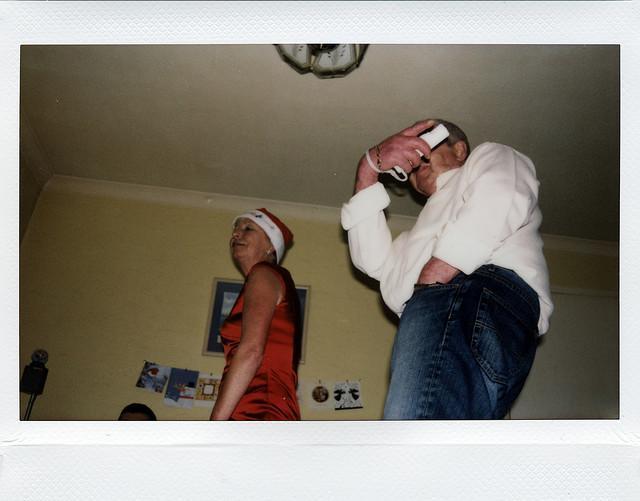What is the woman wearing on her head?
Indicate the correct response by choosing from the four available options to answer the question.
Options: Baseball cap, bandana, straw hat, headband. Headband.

########################################

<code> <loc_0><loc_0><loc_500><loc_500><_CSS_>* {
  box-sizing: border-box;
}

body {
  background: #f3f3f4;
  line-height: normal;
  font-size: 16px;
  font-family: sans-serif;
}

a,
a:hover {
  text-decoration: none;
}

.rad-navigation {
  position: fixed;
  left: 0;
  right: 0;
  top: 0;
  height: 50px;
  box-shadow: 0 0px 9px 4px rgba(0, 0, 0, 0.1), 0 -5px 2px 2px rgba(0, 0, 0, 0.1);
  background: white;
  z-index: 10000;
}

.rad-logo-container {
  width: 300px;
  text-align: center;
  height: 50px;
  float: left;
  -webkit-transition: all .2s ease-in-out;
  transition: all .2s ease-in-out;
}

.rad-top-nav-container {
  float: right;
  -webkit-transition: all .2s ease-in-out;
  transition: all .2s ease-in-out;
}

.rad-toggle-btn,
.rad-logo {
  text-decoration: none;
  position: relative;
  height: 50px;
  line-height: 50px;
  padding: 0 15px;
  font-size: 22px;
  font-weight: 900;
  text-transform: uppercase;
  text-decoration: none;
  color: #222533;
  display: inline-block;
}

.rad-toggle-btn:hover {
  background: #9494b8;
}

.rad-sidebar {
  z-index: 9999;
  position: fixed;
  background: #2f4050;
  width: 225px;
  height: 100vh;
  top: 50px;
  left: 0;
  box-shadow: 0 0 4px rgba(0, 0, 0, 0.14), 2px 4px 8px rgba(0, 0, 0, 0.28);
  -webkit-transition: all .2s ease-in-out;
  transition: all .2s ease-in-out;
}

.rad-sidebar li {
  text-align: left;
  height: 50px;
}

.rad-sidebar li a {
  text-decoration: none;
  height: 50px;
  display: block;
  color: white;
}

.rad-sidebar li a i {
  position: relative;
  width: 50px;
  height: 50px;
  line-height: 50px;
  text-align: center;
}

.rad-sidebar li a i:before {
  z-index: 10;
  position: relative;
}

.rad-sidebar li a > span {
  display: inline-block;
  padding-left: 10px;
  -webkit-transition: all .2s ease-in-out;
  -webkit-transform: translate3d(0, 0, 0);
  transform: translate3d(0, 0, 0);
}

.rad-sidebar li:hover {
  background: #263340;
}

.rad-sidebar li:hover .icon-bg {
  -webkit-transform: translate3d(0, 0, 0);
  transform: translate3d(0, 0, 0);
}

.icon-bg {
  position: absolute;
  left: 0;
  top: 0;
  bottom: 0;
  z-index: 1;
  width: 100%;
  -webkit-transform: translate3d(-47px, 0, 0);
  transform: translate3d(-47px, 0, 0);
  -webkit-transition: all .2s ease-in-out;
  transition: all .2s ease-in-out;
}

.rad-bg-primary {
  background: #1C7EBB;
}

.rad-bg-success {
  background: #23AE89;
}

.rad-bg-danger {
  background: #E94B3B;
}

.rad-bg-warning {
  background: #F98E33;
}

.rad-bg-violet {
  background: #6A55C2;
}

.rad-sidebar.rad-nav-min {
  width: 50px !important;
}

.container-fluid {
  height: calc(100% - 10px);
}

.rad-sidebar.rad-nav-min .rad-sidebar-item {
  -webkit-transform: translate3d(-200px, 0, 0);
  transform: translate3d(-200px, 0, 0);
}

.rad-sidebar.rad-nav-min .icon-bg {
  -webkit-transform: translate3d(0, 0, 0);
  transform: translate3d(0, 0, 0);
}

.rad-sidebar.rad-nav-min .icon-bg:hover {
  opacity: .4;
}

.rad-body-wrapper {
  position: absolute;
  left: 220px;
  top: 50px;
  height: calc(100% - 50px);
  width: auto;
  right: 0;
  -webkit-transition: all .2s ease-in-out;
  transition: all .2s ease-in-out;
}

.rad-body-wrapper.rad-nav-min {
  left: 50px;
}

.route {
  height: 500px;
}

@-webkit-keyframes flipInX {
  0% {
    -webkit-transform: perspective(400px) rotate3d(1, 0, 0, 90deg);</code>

########################################

_Task item_
From the data, list each line in which the string "width" appears.

_Answer box_
  width: 300px;
  width: 225px;
  width: 50px;
  width: 100%;
  width: 50px !important;
  width: auto;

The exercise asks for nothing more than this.